Well this one is for new-guns and MVC vets alike, Cliff Hall presents on MVC as it is applied in PureMVC, perhaps one of the most refreshing frameworks to come to light in the Flash realm, and it is spreading to many other languages, ports include Python and even JavaScript/JQuery in the works.

I’ve started a re-write of a desktop application I worked on some years ago that was around 50,000 lines of AS2, I can’t even remember how many commands were in there but it was quite heavy and the “front controller” took a battering, so it’s a good challenge to put these concepts into practice and take advantage of the new possibilities, such as web and AIR deployment from the same code-base.

Before watching the video, if you are new to PureMVC I suggest you read the “best practices” document so that you get the most out of it, the most confusing aspect of PureMVC is perhaps the class naming (although the class names are logical when you know the terms). For example, most of your code will go in subclasses of Mediator, Proxy and Command. I’ll take each one in term:

  • Mediators – These “steward” your views and keep them simple, i.e. take a user interaction such as a click, and do something in your application, and the reverse, take an application event and tell a view to do/display something.
  • Proxies – These provide access to your model, local or remote, and can perform domain logic.
  • Commands – These are executed by the controller to perform work e.g. store some data in a Proxy. (more on this later)

You can see now how these 3 types fit into the M.V.C. pattern very clearly, unfortunately the naming can at first confuse.

Without further ramble, here’s the link to the recording.

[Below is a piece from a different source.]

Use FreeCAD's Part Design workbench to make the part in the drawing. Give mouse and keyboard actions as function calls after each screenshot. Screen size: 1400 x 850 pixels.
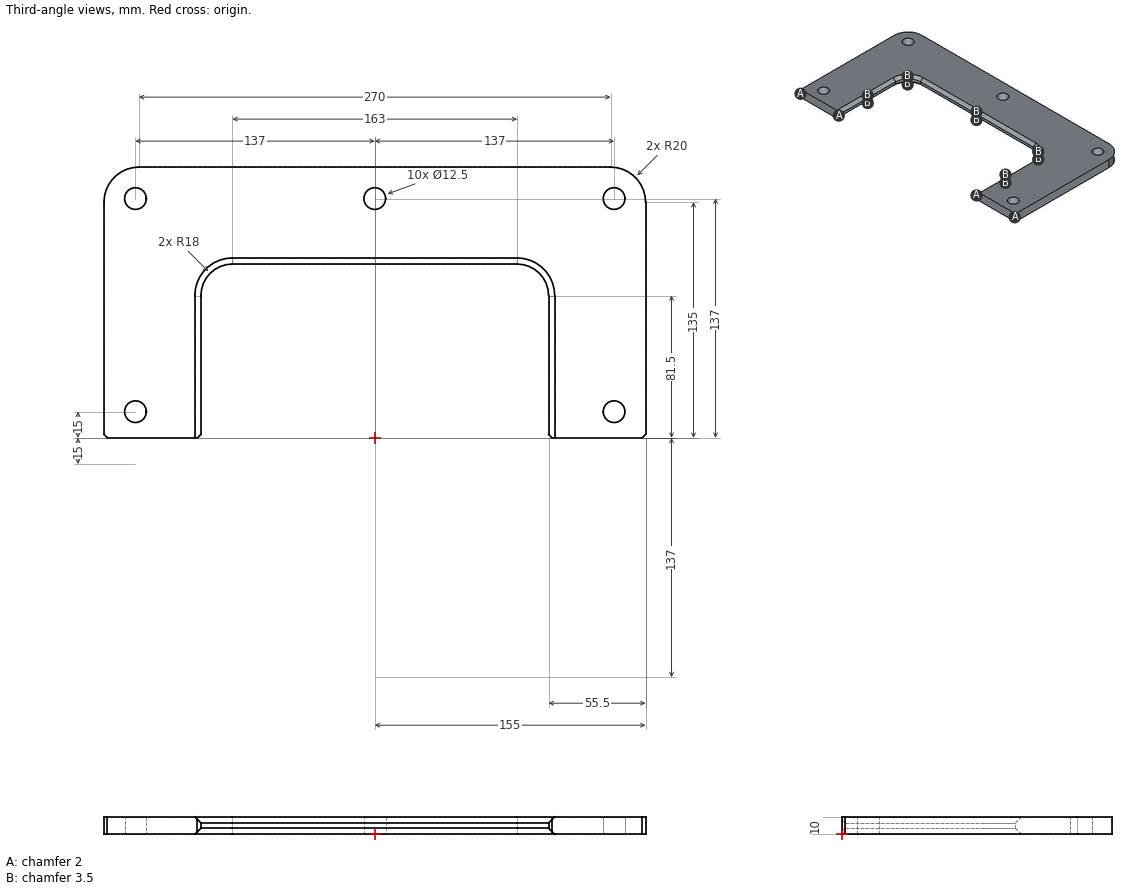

The order felt a bit reversed to me, so if you get bogged down hold out, he goes on to explain the core concepts later on. Cliff speaks with enormous experience and succinctness so even if you’re already comfortable with all of this it’s good to hear from other devs that have been through the trenches.

I guess this is a good opportunity to discuss MVC, it’s almost a dirty word now with people almost sick of hearing it, and interestingly most of us get burned when we try to “apply” it in Flash, struggling for perfection. The thing to remember is that it is not an implementation pattern, you can’t create an MVC structure per-se, and when I see people firing up a new project by creating a “Model” class that they make a Singleton and chuck all the data in I cringe* – it is in fact a guiding set of rules that dictate how the component parts of an application can be separated, governed, and how they can communicate.

*Yes PureMVC has a Model singleton/multiton, and I’m still thinking heavily on this design with regards to TDD. But either way it’s not the sort of bad singleton you see when newbies write their _global Model monoliths, instead its a simple cache for your actual models, your Proxies and as such is not the damaging monster you tend to find and it doesn’t reference any classes outside of those PureMVC.

Many of the books and articles written on the subject of MVC refer to server-side development. There’s a potential sting in the tail if you try to apply this directly to client-side, and Cliff points out in the recording that on a client application the Model becomes even more important. Remembering that on a client application the model persists, not just the data, but the state of the application, the history of the users actions perhaps, it can be much more complex and potentially confusing than when you’re working directly with a database. On a client application you have to constantly maintain a “context”, users interact asynchronously in different contexts, that’s where the programmer skill comes in, and that’s why MVC helps by separating these , and why PureMVC helps by providing not just a framework designed around the principals of MVC, but also many helpful principals about where to write your code and when!

The forums are particularly useful. One simple example you encounter early on is setting data from a view… so my (view-) Mediators can access my (data-) Proxies directly, why bother sending a notification from my Mediator so that the Controller executes a Command to access the Proxy to set the data? Well a Command is a good way to bundle up some logic/actions that may get called from more than one place, more than one Mediator in this case. As such you’re avoiding duplication and edging towards more testable code.

I think that’s enough, this has been done to death over the years but it’s good to bring it up now, ultimately the most important rule is to remain pragmatic.

That video link again.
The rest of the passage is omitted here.